The only available RCT testing the value of early intervention with macrolides in patients with community-acquired pneumonia (CAP) is ACCESS (A randomized clinical trial of oral Clarithromycin in Community-acquired pneumonia to attenuatE inflammatory responseS and improve outcomeS) (EudraCT number 2020-004452-15; ClinicalTrials.gov NCT04724044). The inclusion criteria of the ACCESS trial have the characteristics of precision therapy i.e. participants were adults with CAP, meeting at least two of the criteria of the systemic inflammatory response syndrome, with SOFA (sequential organ failure assessment) score 2 or more and circulating procalcitonin 0.25 ng/ml or more. ACCESS had a composite primary endpoint pointing towards an early anti-inflammatory clinical benefit of clarithromycin. Patients achieving the endpoint should meet both two conditions A and B by day 4 since start of the study drug: condition A defined as at least 50% decrease of the respiratory symptoms score (RSS); and condition B defined as at least 30% decrease of the baseline SOFA score and/or favorable PCT kinetics (defined as at least 80% decrease of the baseline PCT or PCT less than 0.25 ng/ml). The study succeeded in the primary endpoint since this was met in 38.3% of patients randomized to the SoC + placebo group and in 67.9% of patients randomized to the SoC + clarithromycin group (p<0.0001). The ACCESS study also showed remarkable efficacy in all secondary endpoints and mainly to those endpoints pointing towards prevention of sepsis progression:

11.30% of patients treated with SoC and placebo progressed into sepsis during the 28-day follow-up compared to only 2.25% of patients treated with oral clarithromycin and placebo (hazard ratio 0.19; p: 0.009) 27.8% of patients treated with SoC and placebo developed a new sepsis episode during the 28-day follow-up compared to only 14.8% of patients treated with oral clarithromycin and placebo (hazard ratio 0.48; p: 0.009); and 65.4% of patients treated with SoC and placebo were discharged from hospital alive compared to 78.4% of patients treated with oral clarithromycin and placebo (hazard ratio 1.38; p: 0.027) Post-hoc analysis showed that 87.4% of study participants were meeting at least 3 of the FDA clinical score making the participants at high likelihood for suPAR 6 ng/ml or more. This means that use of suPAR can discriminate early patients with CAP who are at high likelihood to receive benefit towards prevention of progression into sepsis and organ dysfunction through early start of clarithromycin treatment.

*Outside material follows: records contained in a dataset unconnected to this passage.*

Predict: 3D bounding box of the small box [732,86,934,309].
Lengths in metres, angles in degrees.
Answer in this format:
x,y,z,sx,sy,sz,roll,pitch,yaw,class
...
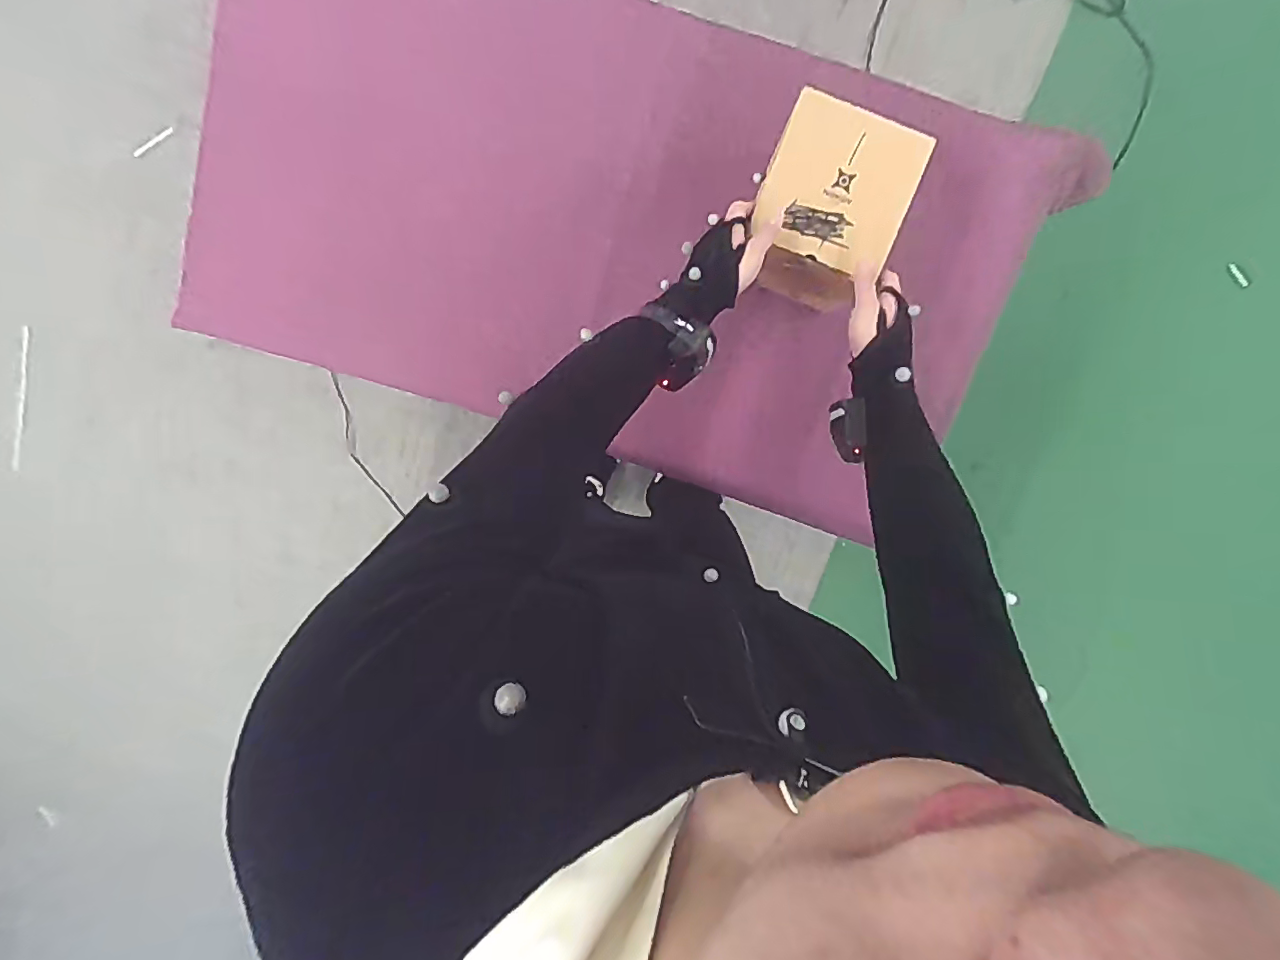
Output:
x,y,z,sx,sy,sz,roll,pitch,yaw,class
0.228,-0.341,0.694,0.168,0.176,0.179,22,95,-1,small box

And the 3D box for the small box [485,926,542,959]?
x,y,z,sx,sy,sz,roll,pitch,yaw,class
-0.460,1.728,1.900,0.179,0.176,0.168,22,102,-2,small box

Data from the ACCESS study also showed a significant effect of clarithromycin treatment on modulation of immune dysregulation taking place in CAP by day 4 when the primary endpoint was met. These data points towards improvement of the function of circulating monocytes towards better production of TNFα (tumour necrosis factor-alpha) after stimulation, decrease of circulating interleukin (IL)-10 and improvement of the IL-8/IL-10 ratio.